*Task prompt:*
Your job is to copy the lines from the material that include "drawing".

Material for this task START

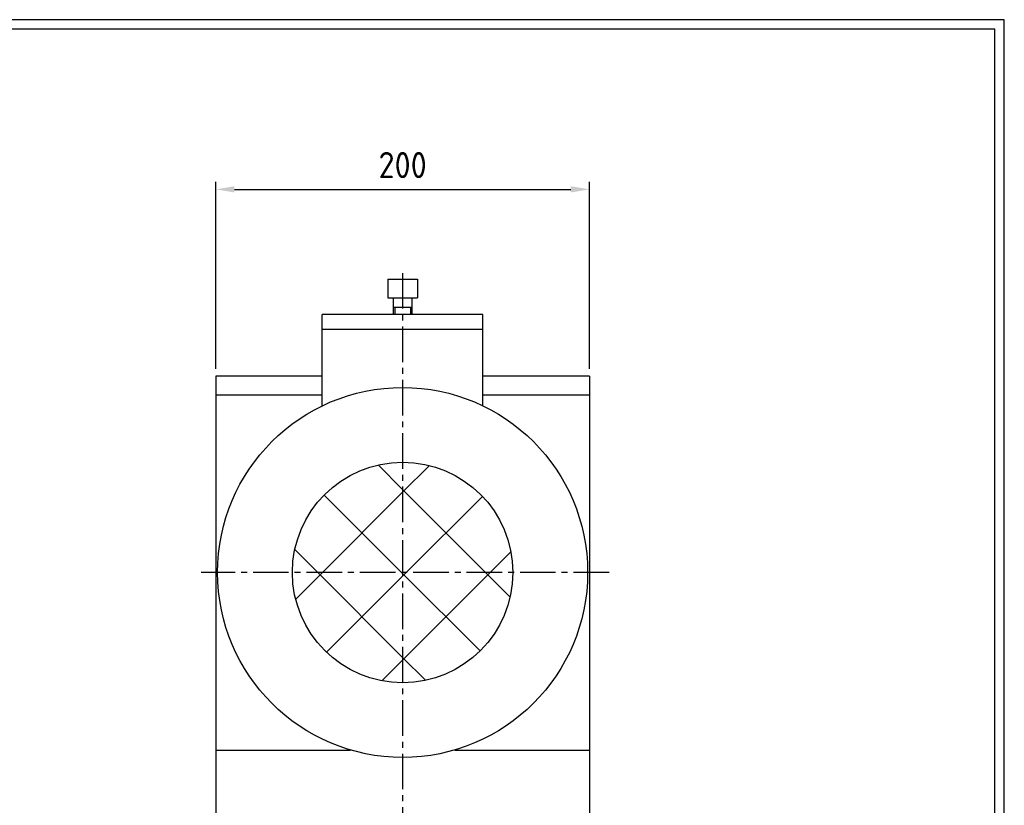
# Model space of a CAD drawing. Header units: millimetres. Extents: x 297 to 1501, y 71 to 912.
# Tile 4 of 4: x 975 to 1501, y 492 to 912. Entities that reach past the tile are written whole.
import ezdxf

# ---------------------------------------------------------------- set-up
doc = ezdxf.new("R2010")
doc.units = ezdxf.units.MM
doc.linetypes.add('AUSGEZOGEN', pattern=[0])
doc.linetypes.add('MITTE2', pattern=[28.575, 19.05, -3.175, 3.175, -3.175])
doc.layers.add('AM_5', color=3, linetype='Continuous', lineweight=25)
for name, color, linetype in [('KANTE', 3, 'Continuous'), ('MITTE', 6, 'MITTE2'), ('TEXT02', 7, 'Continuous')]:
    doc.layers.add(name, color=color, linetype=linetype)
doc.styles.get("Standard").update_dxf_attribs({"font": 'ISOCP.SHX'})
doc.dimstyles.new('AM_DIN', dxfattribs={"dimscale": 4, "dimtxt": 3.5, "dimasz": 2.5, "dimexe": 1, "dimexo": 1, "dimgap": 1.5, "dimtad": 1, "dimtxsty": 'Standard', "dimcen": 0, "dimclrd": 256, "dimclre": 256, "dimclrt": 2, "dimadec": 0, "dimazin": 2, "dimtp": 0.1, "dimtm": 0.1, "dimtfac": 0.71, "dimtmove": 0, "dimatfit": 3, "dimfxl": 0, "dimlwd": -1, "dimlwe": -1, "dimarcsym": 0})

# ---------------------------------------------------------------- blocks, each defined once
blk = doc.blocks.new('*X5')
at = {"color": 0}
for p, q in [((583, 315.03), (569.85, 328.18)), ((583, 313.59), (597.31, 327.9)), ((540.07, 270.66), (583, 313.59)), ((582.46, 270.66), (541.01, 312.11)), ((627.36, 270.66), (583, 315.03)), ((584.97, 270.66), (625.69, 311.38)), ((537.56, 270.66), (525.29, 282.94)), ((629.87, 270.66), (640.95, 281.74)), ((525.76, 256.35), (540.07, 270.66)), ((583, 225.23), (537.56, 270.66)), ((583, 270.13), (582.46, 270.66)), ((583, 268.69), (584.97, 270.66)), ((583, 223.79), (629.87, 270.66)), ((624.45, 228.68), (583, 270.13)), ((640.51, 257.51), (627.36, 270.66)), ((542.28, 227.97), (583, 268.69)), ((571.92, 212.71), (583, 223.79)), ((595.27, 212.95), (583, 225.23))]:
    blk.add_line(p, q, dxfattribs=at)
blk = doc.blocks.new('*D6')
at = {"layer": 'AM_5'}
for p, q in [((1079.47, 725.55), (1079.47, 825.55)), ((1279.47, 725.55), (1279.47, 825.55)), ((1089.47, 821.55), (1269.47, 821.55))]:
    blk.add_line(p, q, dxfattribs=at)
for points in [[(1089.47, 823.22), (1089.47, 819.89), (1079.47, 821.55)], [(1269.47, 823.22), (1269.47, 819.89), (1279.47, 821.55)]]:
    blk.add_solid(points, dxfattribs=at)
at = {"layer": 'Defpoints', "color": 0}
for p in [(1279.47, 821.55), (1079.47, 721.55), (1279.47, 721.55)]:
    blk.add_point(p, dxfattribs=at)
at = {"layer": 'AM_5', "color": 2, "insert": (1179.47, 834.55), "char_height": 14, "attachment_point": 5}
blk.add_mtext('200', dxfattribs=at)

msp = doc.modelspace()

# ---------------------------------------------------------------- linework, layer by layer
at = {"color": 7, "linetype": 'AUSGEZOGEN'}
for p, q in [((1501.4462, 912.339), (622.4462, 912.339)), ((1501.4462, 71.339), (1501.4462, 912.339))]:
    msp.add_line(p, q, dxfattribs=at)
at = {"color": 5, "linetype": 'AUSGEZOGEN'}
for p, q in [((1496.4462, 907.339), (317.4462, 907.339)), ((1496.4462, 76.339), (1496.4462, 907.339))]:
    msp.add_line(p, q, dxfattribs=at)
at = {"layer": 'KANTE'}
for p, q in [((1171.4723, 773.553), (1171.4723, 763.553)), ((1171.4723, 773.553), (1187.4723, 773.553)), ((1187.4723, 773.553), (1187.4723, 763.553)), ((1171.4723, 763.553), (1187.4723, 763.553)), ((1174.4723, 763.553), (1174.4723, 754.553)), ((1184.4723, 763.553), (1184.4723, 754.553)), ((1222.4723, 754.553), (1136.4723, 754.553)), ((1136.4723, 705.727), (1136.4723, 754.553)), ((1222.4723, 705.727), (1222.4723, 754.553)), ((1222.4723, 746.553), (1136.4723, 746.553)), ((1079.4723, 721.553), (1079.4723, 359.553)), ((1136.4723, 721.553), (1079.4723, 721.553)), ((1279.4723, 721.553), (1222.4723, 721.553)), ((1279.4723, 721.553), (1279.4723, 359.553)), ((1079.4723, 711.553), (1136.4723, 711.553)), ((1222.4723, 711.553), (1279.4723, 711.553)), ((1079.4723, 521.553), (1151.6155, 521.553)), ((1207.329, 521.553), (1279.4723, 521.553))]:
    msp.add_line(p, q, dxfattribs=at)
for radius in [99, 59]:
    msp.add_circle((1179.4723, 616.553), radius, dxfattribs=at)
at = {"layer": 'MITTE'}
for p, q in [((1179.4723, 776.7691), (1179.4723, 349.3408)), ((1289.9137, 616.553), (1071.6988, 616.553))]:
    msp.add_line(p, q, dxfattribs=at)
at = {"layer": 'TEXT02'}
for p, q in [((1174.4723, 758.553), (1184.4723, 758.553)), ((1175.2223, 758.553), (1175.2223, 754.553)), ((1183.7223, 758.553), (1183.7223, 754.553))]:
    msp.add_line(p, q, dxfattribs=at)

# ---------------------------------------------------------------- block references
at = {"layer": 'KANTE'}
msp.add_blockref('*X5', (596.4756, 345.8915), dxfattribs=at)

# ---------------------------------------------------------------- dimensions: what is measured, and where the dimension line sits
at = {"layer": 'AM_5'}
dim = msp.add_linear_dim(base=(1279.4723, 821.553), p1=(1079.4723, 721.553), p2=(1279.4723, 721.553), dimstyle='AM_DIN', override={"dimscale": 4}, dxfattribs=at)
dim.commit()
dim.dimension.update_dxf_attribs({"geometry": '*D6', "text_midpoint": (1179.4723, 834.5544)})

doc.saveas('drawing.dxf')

Material for this task END

*Your solution:*
# Model space of a CAD drawing. Header units: millimetres. Extents: x 297 to 1501, y 71 to 912.
doc.saveas('drawing.dxf')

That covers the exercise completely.